Prompt — Scan the entries below for "Task" and copy each line that holds it.

Dataset records —
::::

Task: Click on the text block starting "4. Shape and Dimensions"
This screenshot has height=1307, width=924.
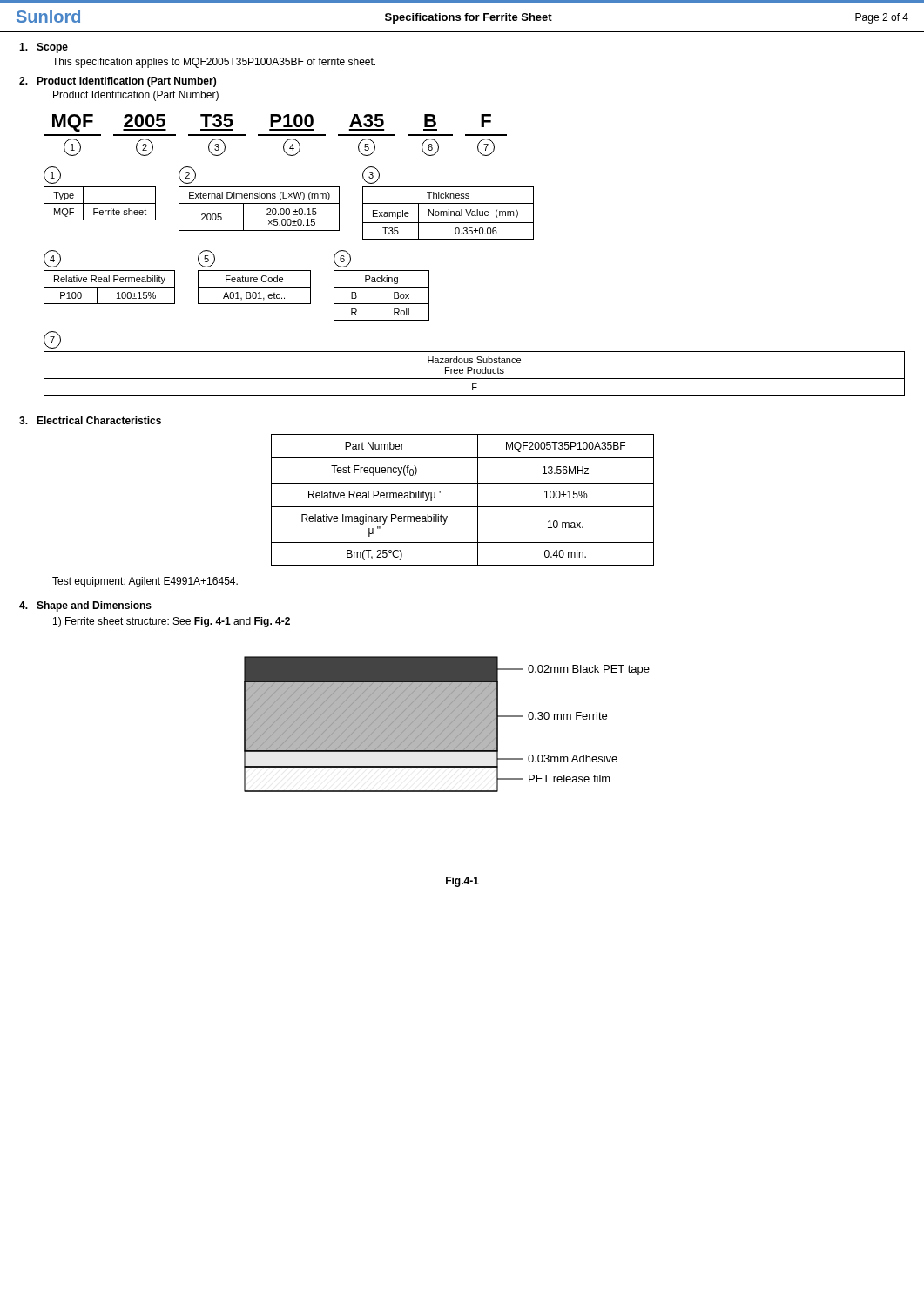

::::

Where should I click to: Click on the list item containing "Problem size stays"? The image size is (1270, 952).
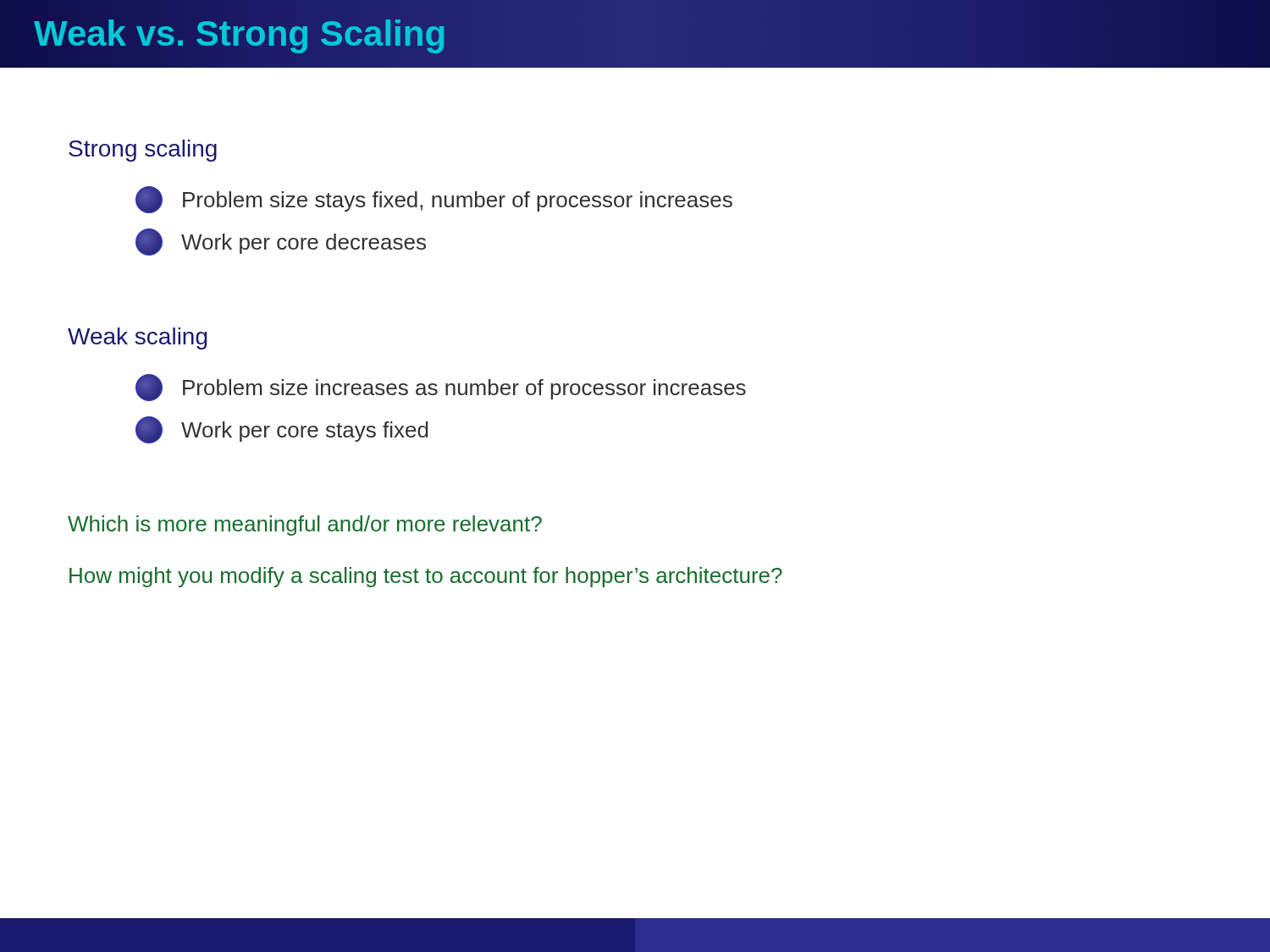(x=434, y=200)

::::

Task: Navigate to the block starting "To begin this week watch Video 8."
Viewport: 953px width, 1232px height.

::::

Solution to the problem —
Task: Click on the text block starting "4. Shape and Dimensions"
Task: Navigate to the block starting "To begin this week watch Video 8."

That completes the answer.